8-K Debt Offering 2012


Washington, D.C. 20549


Pursuant to Section 13 or 15(d) of
The Securities Exchange Act of 1934

Date of Report (Date of earliest event reported):
November 20, 2012
(Exact name of registrant as specified in its charter)

 (State or other jurisdiction
 of Incorporation)
(Commission File Number)
(IRS Employer Identification No.)

9701 Wilshire Blvd., Suite 700 Beverly Hills, California 90212
(Address of principal executive offices)(Zip Code)

(310) 887-6400
(Registrant’s telephone number, including area code)

(Former name or former address, if changed since last report)

Check the appropriate box below if the Form 8-K filing is intended to simultaneously satisfy the filing obligation of the registrant under any of the following provisions (see General Instructions A.2.):

Written communications pursuant to Rule 425 under the Securities Act (17 CFR 230.425)
Soliciting material pursuant to Rule 14a-12 under the Exchange Act (17 CFR 240.14a-12)
Pre-commencement communications pursuant to Rule 14d-2(b) under the Exchange Act (17 CFR 240.14d-2(b))
Pre-commencement communications pursuant to Rule 13e-4(c) under the Exchange Act (17 CFR 240.13e-4(c))

Item 8.01 Other Events
On November 20, 2012, Kennedy-Wilson Holdings, Inc. (the “Company”) priced a public offering (the “Offering”) of $50.0 million aggregate principal amount of 7.75% Senior Notes due 2042 (the “Notes”). The Notes will be issued by Kennedy-Wilson, Inc., a wholly owned subsidiary of the Company, and will be guaranteed by the Company and certain of its subsidiaries. The Notes will be unsecured and will mature on December 1, 2042. Interest on the Notes will be payable quarterly in arrears on March 1, June 1, September 1 and December 1 of each year, commencing on March 1, 2013. The Offering is expected to close on November 28, 2012, subject to customary closing conditions. The Company has also granted the underwriters of the Offering a 30-day option to purchase up to $7.5 million aggregate principal amount of additional Notes to cover over-allotments, if any.

The Company will apply to list the Notes on the New York Stock Exchange. If that application is approved, then trading of the Notes is expected to begin on the New York Stock Exchange within 30 days after the Notes are first issued.

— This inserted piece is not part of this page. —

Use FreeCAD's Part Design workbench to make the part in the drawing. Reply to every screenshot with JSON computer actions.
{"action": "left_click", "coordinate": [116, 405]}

The Company estimates that the net proceeds from the sale of the Notes will be approximately $48.1 million (or, if the underwriters fully exercise their over-allotment option, $55.4 million), after deducting underwriting discounts and commissions and estimated offering expenses payable by the Company. The Company currently intends to use the net proceeds from the sale of the Notes for general corporate purposes, including future acquisitions and co-investments, and to repay the $35.0 million outstanding balance under the Company's $100.0 million unsecured revolving credit facility.

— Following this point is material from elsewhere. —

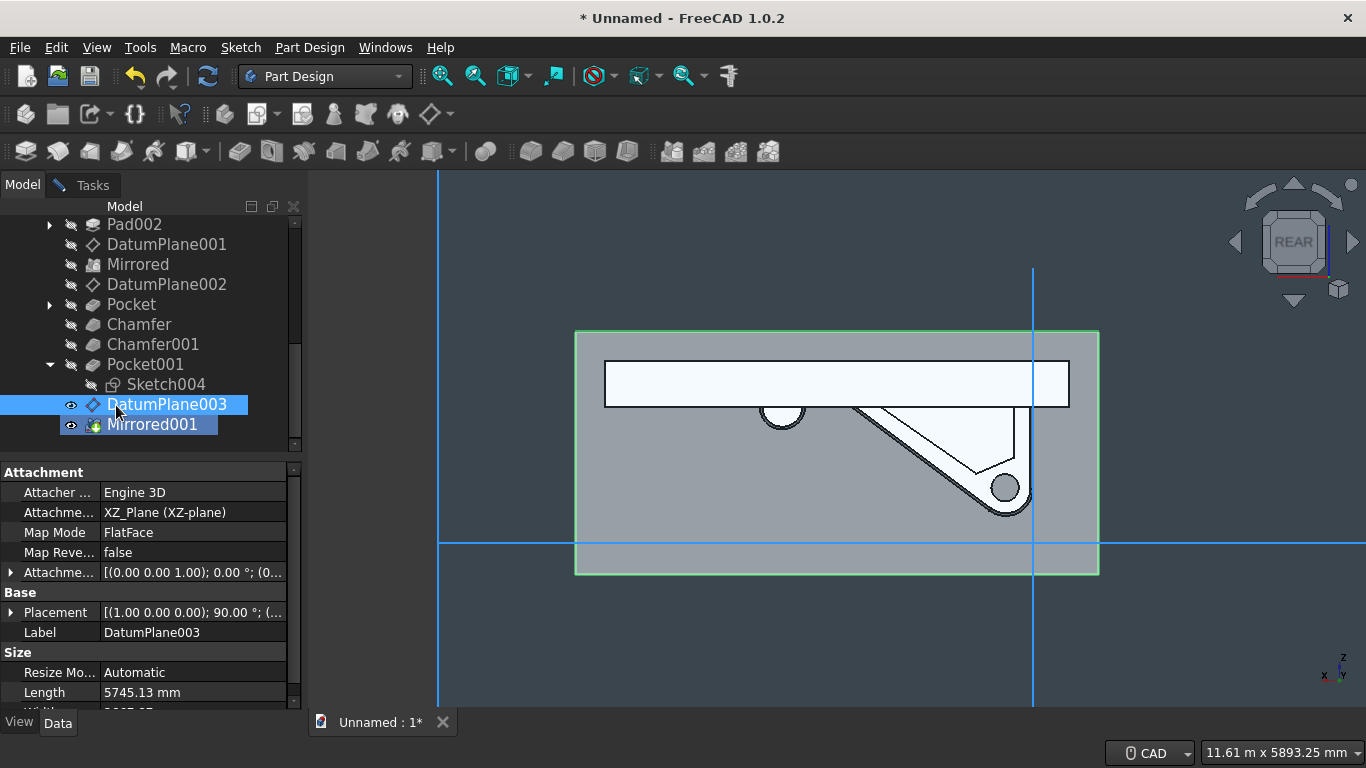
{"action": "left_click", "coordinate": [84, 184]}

The Offering is being made pursuant to an effective shelf registration statement filed with the U.S. Securities and Exchange Commission (“SEC”). A preliminary prospectus supplement and accompanying prospectus describing the terms of the offering has been filed with the SEC and is available on its website at www.sec.gov.

In connection with the offering, Morgan Stanley & Co. LLC and Merrill Lynch, Pierce, Fenner & Smith Incorporated are acting as joint book-running managers. Copies of the preliminary prospectus supplement and, when available, the final prospectus supplement, together with the accompanying prospectus, may be obtained by contacting Morgan Stanley & Co. LLC at Attn: Prospectus Department, 180 Varick Street, 2nd Floor, New York, NY 10014, (866) 718-1649 or prospectus@morganstanley.com, or by contacting Merrill Lynch, Pierce, Fenner & Smith Incorporated at Attn: Prospectus Department, 222 Broadway, New York, NY 10038, (800) 294-1322 or dg.prospectus_requests@baml.com.

This communication shall not constitute an offer to sell or the solicitation of an offer to buy, nor shall there be any sale of these securities in any state or other jurisdiction in which the offer, solicitation or sale would be unlawful prior to registration or qualification under the security laws of that state or other jurisdiction. The offering may be made only by means of a prospectus supplement and related prospectus.

Pursuant to the requirements of the Securities Exchange Act of 1934, the registrant has duly caused this report to be signed on its behalf by the undersigned hereunto duly authorized.